## EXERCISE
Using the records below, quote only the span that opens with the line containing "Autodesk Inventor part; units mm, degrees" and closes with the line containing "circle A0 centre (-8, 29.85) radius 1.8", exactly and inclusively.

[[ SUPPLIED DATA, beginning ]]

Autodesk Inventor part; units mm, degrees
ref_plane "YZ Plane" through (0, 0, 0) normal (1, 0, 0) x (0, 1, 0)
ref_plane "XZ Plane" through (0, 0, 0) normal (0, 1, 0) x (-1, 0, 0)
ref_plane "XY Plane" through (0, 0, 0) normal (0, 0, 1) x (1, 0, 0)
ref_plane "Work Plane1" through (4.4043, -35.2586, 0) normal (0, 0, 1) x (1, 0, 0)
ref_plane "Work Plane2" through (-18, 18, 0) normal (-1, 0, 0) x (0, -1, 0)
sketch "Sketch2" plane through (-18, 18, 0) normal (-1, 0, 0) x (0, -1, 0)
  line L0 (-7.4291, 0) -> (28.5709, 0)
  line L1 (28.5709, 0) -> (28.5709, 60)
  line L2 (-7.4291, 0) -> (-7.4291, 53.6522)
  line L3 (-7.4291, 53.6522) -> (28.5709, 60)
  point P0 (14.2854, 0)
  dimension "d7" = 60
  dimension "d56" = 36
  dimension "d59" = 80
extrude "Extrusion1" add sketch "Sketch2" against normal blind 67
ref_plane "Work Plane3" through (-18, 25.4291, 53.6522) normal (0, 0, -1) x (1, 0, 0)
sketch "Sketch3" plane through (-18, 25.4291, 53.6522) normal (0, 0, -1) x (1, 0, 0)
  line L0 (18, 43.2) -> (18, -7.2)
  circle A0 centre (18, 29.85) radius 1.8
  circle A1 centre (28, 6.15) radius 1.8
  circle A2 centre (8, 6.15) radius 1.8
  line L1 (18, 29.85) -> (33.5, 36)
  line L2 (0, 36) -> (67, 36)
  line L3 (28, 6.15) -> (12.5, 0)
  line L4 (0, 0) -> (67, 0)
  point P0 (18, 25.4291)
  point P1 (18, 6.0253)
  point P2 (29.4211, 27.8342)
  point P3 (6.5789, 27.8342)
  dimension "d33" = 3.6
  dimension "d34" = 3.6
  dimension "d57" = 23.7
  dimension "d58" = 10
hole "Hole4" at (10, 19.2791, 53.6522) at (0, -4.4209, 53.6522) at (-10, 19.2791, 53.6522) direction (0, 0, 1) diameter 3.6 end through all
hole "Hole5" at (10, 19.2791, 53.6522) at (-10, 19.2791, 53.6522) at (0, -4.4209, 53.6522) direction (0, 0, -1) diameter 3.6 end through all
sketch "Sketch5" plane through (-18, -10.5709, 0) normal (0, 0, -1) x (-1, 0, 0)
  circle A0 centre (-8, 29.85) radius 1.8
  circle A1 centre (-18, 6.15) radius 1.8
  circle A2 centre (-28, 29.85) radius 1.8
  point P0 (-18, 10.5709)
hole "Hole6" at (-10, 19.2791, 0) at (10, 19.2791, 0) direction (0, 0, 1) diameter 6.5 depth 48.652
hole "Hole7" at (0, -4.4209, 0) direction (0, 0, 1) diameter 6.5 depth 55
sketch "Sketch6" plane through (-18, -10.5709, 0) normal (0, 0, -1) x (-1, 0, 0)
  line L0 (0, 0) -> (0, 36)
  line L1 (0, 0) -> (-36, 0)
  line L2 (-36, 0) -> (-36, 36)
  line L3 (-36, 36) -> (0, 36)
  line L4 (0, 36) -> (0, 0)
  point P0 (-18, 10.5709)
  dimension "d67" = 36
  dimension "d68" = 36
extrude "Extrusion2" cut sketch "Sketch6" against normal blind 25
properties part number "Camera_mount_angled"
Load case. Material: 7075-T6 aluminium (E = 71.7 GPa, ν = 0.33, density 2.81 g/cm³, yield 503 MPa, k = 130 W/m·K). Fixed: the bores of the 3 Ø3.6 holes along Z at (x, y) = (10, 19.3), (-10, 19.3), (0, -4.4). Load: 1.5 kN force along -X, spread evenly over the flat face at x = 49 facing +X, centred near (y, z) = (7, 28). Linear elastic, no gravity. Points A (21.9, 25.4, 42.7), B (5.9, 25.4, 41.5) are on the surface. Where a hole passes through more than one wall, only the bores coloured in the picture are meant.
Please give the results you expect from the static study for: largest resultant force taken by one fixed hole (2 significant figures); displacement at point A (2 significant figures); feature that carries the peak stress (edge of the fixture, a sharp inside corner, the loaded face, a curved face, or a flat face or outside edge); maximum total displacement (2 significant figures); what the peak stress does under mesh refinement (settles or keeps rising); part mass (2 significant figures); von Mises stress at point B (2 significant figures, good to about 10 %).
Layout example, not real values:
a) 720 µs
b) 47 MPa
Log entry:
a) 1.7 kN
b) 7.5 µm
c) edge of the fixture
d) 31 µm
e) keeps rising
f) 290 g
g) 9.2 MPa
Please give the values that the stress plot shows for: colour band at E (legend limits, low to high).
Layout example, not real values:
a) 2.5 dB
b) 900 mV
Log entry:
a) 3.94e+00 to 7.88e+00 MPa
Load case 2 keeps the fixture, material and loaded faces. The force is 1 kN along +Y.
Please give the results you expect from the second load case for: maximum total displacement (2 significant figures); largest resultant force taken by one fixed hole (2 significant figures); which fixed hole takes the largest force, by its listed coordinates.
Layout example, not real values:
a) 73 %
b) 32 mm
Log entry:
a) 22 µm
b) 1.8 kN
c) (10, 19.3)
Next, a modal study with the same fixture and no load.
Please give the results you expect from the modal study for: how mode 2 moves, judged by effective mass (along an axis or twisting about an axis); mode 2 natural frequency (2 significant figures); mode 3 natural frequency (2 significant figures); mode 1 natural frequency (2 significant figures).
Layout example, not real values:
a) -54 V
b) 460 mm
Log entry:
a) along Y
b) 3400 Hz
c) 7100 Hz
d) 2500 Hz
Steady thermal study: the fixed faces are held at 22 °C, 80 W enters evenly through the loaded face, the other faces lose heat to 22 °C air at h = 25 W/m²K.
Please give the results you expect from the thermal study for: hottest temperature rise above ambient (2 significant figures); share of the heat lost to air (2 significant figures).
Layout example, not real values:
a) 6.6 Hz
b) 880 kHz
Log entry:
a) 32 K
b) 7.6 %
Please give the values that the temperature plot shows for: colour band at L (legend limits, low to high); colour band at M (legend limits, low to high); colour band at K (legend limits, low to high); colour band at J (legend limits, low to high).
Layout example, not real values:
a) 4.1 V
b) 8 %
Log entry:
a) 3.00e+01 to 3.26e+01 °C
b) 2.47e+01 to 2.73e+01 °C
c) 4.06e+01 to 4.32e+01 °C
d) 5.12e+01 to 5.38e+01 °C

[[ SUPPLIED DATA, end ]]
[[ SUPPLIED DATA, beginning ]]

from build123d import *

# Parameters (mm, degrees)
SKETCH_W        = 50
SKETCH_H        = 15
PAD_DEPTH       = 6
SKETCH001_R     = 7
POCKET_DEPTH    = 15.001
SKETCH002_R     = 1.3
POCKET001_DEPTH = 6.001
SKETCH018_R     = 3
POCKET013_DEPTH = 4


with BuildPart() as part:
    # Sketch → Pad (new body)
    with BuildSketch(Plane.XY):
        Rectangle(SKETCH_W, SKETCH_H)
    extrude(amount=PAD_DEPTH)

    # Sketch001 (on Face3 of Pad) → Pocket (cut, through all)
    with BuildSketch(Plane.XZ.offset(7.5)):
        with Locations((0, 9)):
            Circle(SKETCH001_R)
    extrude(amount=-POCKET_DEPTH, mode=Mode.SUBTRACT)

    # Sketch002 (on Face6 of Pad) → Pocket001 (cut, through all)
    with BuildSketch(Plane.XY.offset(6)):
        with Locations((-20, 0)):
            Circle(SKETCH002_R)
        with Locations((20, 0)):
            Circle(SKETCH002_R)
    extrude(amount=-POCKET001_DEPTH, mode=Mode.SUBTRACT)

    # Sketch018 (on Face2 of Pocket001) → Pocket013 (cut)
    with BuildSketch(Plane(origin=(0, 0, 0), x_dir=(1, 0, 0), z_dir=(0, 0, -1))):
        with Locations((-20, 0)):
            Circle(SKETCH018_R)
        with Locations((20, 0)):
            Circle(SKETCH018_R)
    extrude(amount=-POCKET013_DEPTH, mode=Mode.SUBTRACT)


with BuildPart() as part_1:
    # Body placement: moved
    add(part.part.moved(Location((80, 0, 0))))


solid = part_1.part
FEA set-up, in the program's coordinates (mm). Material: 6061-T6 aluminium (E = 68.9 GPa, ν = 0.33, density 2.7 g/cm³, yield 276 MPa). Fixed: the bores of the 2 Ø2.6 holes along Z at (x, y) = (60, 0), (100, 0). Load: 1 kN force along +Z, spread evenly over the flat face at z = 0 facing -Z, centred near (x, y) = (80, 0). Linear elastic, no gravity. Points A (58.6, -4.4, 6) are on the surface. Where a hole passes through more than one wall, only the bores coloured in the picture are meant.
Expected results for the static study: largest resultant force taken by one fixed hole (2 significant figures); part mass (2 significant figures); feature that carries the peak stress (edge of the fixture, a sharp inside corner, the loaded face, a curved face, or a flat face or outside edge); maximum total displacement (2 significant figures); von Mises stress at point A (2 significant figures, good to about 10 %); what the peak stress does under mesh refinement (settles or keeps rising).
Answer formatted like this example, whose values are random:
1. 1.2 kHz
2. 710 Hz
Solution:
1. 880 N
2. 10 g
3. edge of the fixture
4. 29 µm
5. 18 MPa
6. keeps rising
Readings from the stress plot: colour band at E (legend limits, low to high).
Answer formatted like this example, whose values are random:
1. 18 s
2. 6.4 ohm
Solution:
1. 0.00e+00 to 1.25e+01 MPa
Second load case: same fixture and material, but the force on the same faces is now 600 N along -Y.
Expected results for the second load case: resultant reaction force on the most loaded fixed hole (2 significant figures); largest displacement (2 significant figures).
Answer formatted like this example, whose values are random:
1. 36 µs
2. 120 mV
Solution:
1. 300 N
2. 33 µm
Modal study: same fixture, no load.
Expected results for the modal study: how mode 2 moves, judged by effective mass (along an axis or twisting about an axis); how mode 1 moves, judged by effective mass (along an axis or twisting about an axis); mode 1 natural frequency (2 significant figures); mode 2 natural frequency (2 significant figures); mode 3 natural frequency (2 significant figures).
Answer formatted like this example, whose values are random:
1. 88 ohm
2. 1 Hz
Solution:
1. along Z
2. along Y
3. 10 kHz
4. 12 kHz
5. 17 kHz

[[ SUPPLIED DATA, end ]]
[[ SUPPLIED DATA, beginning ]]

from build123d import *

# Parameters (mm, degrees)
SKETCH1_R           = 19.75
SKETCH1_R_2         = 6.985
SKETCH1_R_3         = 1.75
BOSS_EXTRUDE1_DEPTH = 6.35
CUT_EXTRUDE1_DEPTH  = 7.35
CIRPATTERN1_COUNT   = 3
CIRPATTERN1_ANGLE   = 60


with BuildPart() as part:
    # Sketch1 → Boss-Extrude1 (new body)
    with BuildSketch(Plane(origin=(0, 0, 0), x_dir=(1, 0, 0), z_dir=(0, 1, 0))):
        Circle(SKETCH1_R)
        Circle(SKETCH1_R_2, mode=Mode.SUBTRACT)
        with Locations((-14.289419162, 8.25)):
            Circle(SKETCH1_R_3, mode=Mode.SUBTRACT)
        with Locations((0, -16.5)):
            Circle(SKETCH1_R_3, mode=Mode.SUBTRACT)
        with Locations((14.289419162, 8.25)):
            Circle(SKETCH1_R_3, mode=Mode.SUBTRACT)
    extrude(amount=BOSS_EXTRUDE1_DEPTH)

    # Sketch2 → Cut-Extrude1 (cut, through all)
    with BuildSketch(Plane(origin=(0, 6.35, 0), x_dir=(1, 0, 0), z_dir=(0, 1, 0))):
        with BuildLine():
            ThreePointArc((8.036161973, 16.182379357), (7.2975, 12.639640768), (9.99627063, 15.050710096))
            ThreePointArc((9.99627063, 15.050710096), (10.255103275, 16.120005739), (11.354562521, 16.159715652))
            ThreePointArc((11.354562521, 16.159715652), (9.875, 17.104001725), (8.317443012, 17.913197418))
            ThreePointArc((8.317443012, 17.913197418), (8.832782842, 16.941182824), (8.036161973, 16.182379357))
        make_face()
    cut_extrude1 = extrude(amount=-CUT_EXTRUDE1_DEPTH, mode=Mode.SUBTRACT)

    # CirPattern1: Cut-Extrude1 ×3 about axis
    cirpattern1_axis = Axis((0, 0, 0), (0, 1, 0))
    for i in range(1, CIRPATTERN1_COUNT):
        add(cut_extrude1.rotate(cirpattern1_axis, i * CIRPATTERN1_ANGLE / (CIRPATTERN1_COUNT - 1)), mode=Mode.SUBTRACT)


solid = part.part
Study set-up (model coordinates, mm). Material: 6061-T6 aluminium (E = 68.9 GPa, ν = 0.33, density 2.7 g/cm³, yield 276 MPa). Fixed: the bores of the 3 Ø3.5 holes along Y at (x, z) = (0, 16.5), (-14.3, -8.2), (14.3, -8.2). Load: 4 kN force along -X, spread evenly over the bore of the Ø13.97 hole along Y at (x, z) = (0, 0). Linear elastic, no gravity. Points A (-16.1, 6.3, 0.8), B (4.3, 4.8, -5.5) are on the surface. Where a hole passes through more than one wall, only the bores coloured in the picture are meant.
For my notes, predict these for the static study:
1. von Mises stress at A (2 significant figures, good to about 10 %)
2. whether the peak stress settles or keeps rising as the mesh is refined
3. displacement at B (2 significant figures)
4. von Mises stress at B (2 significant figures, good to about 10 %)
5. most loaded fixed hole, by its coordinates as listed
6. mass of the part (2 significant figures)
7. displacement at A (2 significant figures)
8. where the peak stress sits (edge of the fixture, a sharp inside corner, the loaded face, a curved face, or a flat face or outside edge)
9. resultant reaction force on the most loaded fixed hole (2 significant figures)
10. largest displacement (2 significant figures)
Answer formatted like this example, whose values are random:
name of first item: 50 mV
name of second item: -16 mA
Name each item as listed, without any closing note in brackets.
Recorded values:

[[ SUPPLIED DATA, end ]]

## TASK RESPONSE
Autodesk Inventor part; units mm, degrees
ref_plane "YZ Plane" through (0, 0, 0) normal (1, 0, 0) x (0, 1, 0)
ref_plane "XZ Plane" through (0, 0, 0) normal (0, 1, 0) x (-1, 0, 0)
ref_plane "XY Plane" through (0, 0, 0) normal (0, 0, 1) x (1, 0, 0)
ref_plane "Work Plane1" through (4.4043, -35.2586, 0) normal (0, 0, 1) x (1, 0, 0)
ref_plane "Work Plane2" through (-18, 18, 0) normal (-1, 0, 0) x (0, -1, 0)
sketch "Sketch2" plane through (-18, 18, 0) normal (-1, 0, 0) x (0, -1, 0)
  line L0 (-7.4291, 0) -> (28.5709, 0)
  line L1 (28.5709, 0) -> (28.5709, 60)
  line L2 (-7.4291, 0) -> (-7.4291, 53.6522)
  line L3 (-7.4291, 53.6522) -> (28.5709, 60)
  point P0 (14.2854, 0)
  dimension "d7" = 60
  dimension "d56" = 36
  dimension "d59" = 80
extrude "Extrusion1" add sketch "Sketch2" against normal blind 67
ref_plane "Work Plane3" through (-18, 25.4291, 53.6522) normal (0, 0, -1) x (1, 0, 0)
sketch "Sketch3" plane through (-18, 25.4291, 53.6522) normal (0, 0, -1) x (1, 0, 0)
  line L0 (18, 43.2) -> (18, -7.2)
  circle A0 centre (18, 29.85) radius 1.8
  circle A1 centre (28, 6.15) radius 1.8
  circle A2 centre (8, 6.15) radius 1.8
  line L1 (18, 29.85) -> (33.5, 36)
  line L2 (0, 36) -> (67, 36)
  line L3 (28, 6.15) -> (12.5, 0)
  line L4 (0, 0) -> (67, 0)
  point P0 (18, 25.4291)
  point P1 (18, 6.0253)
  point P2 (29.4211, 27.8342)
  point P3 (6.5789, 27.8342)
  dimension "d33" = 3.6
  dimension "d34" = 3.6
  dimension "d57" = 23.7
  dimension "d58" = 10
hole "Hole4" at (10, 19.2791, 53.6522) at (0, -4.4209, 53.6522) at (-10, 19.2791, 53.6522) direction (0, 0, 1) diameter 3.6 end through all
hole "Hole5" at (10, 19.2791, 53.6522) at (-10, 19.2791, 53.6522) at (0, -4.4209, 53.6522) direction (0, 0, -1) diameter 3.6 end through all
sketch "Sketch5" plane through (-18, -10.5709, 0) normal (0, 0, -1) x (-1, 0, 0)
  circle A0 centre (-8, 29.85) radius 1.8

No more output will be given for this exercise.